MR IAN BYATT, MR MIKE SAUNDERS, and MR CLIVE WILKINSON; MR FRANK MARTIN

Chairman

  1.  This afternoon we welcome Mr Ian Byatt to the Committee to discuss the C&AG's Report on Regulating and Monitoring the Quality of Service Provided to Customers by the Water Industry of England and Wales. Welcome. Perhaps we had best start by your introducing your two colleagues for the benefit of the Committee and then we can get on with the questions.
  (Mr Byatt)  Thank you, Chairman. On my left is Mr Michael Saunders, who is the Assistant Director of my office, who is concerned with consumer affairs. On my right is Mr Clive Wilkinson, who is the Chairman of the Central Customer Service Committee. That covers the areas of Severn-Trent Water Company and South Staffordshire Water Company and a large area in the Midlands, and he can talk about the particular experience of one Customer Service Committee.

  2.  Good. Thank you. I will say at the beginning that I am conscious that you had to re-organise to be here today, so a double thank you for coming. I see from paragraph 2.8 of the report that you have not set comprehensive targets for the quality of service to be achieved by water companies. So could you tell the Committee how you can satisfy yourself that the companies are providing the best possible deal for customers?
  (Mr Byatt)  May I say that we are encouraged by many things in this report but this report does raise a number of recommendations which we are responding to, and so I do not think we have reached yet the perfect state of doing our best for the customers, but we do think we have made very considerable progress and we have in particular built on the opportunities which we have for comparative competition in the water industry. There are the ten big companies and a substantial number of water- only companies.
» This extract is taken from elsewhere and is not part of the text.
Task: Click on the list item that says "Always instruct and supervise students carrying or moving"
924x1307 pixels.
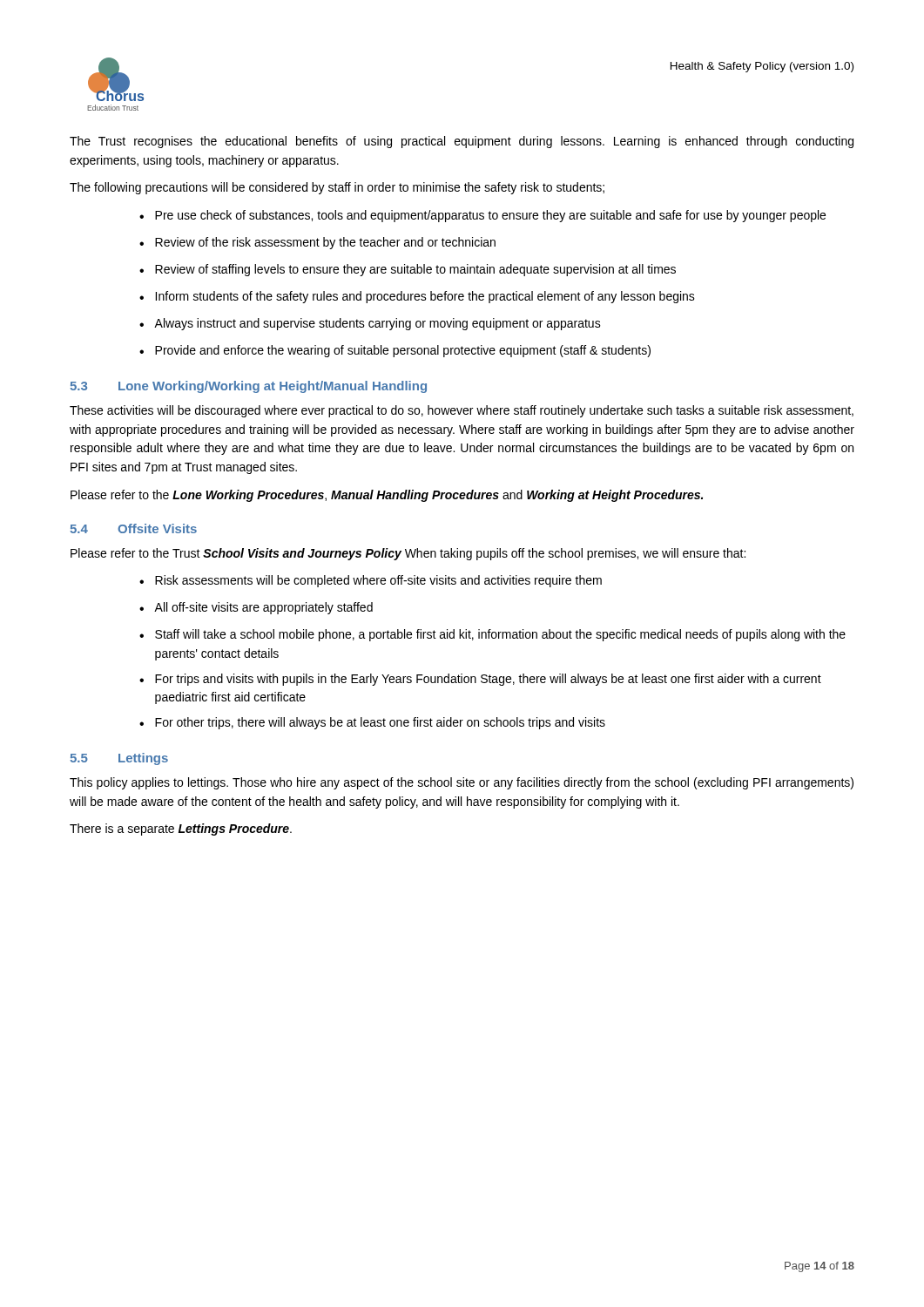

They are all pushed by the Stock Exchange both to be more efficient and to satisfy the regulator as regards customer service, and so we have encouraged them to leapfrog over each other. I believe that that has led to considerable improvements in customer service and we have seen between 1990 and now improvements in customer service, fourfold in many cases, twofold in other cases, sometimes greater, so very substantial improvement, and that track record must be the most important aspect. I think that as we have developed that-and it is a question of getting comparable information right across the companies so that one can expect the best companies to do better-we have come to see that, while at the upper end of the range I am very reluctant to say what is the best practice because I do not want to damp initiative in what is a dynamic situation. We have seen the importance of chasing those who are not doing well and this year I have written to, I think, seven water companies requiring them to set standards of performance to get them up to a proper level. So it has been a process of incentives, comparisons, using management imagination, where possible, and chasing those who are not performing.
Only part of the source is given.